🤖 AI Summary
This work proposes E2E-GNet, an end-to-end geometric deep neural network designed to address the challenges of modeling skeleton sequences in non-Euclidean spaces. By integrating geometric transformation layers with differentiable logarithmic map activations, the method projects skeleton motion sequences from non-Euclidean manifolds into a linear space. It further introduces, for the first time, a distortion-aware optimization mechanism that effectively preserves essential geometric structures during joint optimization. Combining geometric deep learning, differentiable logarithmic mapping, and distortion-aware optimization, E2E-GNet enables efficient end-to-end modeling of skeleton sequences. Extensive experiments on five cross-domain datasets demonstrate that the proposed approach significantly outperforms existing methods, achieving higher action recognition accuracy while reducing computational overhead.
📝 Abstract
Geometric deep learning has recently gained significant attention in the computer vision community for its ability to capture meaningful representations of data lying in a non-Euclidean space. To this end, we propose E2E-GNet, an end-to-end geometric deep neural network for skeleton-based human motion recognition.
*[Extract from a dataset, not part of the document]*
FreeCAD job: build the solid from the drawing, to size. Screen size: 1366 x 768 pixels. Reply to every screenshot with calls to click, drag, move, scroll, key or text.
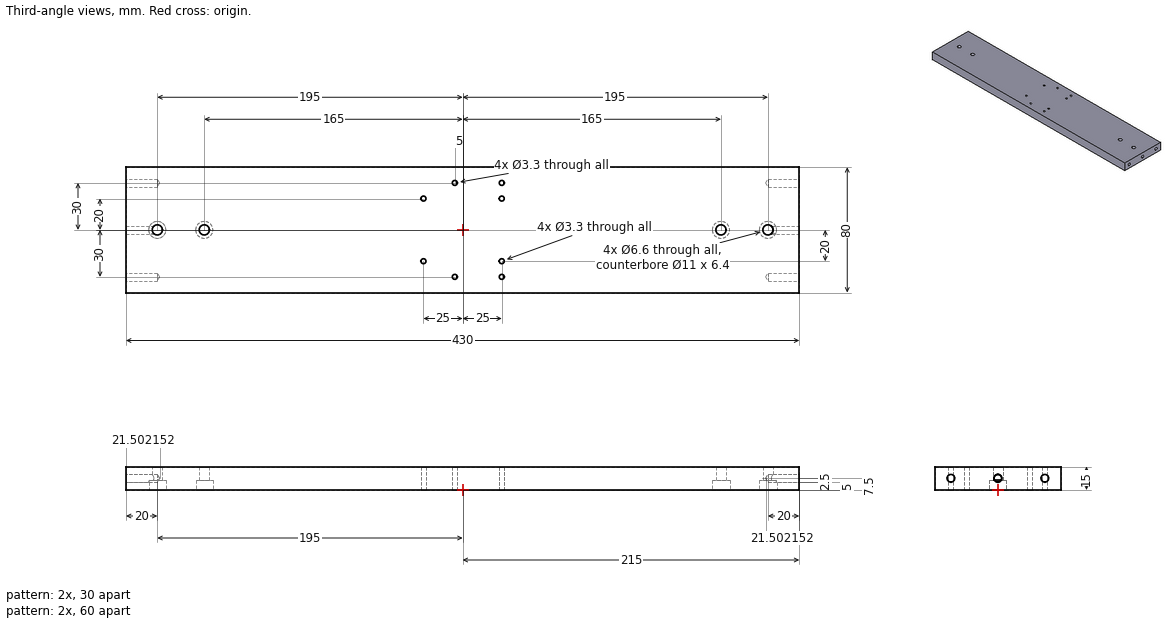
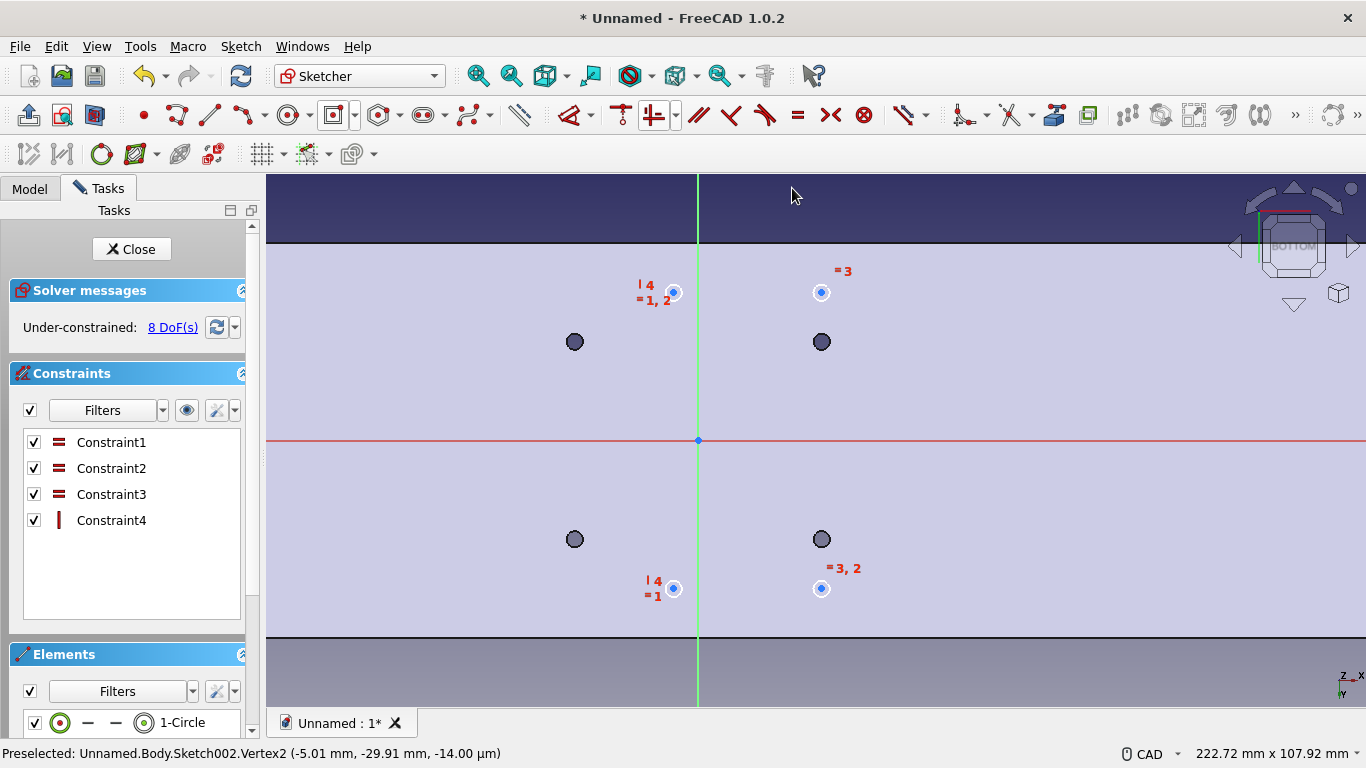
click(674, 589)
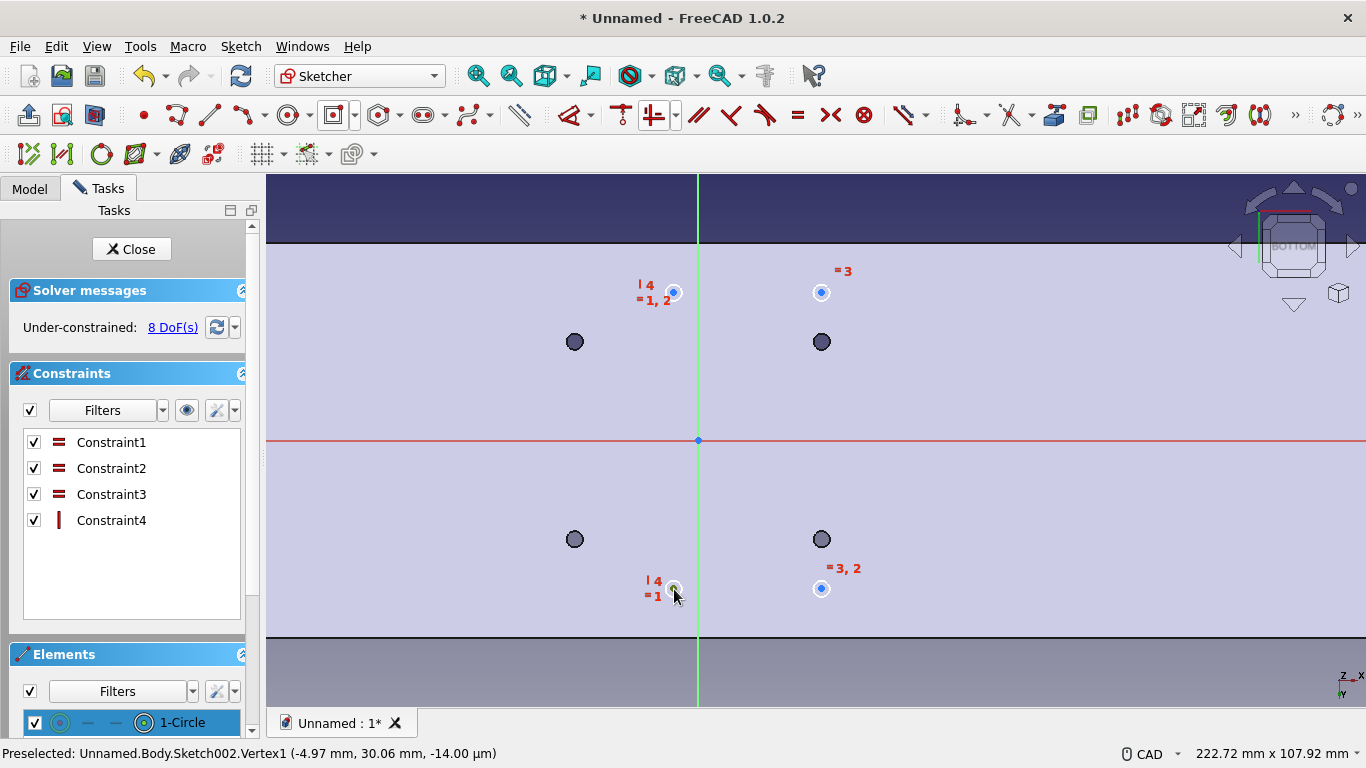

To enhance the discriminative power between different motions in the non-Euclidean space, E2E-GNet introduces a geometric transformation layer that jointly optimizes skeleton motion sequences on this space and applies a differentiable logarithm map activation to project them onto a linear space. Building on this, we further design a distortion-aware optimization layer that limits skeleton shape distortions caused by this projection, enabling the network to retain discriminative geometric cues and achieve a higher motion recognition rate. We demonstrate the impact of each layer through ablation studies and extensive experiments across five datasets spanning three domains show that E2E-GNet outperforms other methods with lower cost.